(Supplied material)
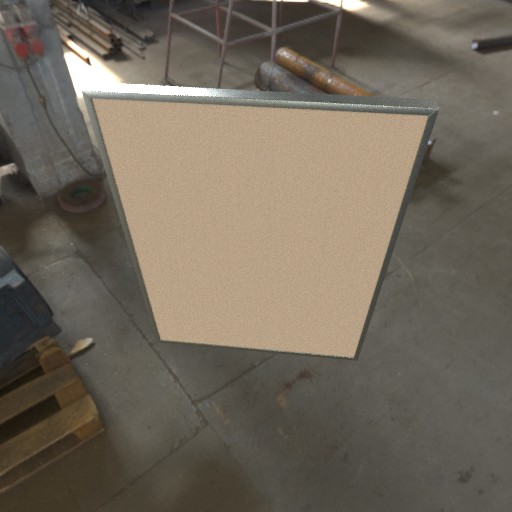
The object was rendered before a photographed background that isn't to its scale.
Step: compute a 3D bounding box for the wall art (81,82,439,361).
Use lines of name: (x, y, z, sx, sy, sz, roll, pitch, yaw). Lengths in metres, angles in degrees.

(Brief)
Write out the listing above exactly as it stands, pictures excluded.

(Exercise response)
The object was rendered before a photographed background that isn't to its scale.
Step: compute a 3D bounding box for the wall art (81,82,439,361).
Use lines of name: (x, y, z, sx, sy, sz, roll, pitch, yaw). Lengths in metres, angles in degrees.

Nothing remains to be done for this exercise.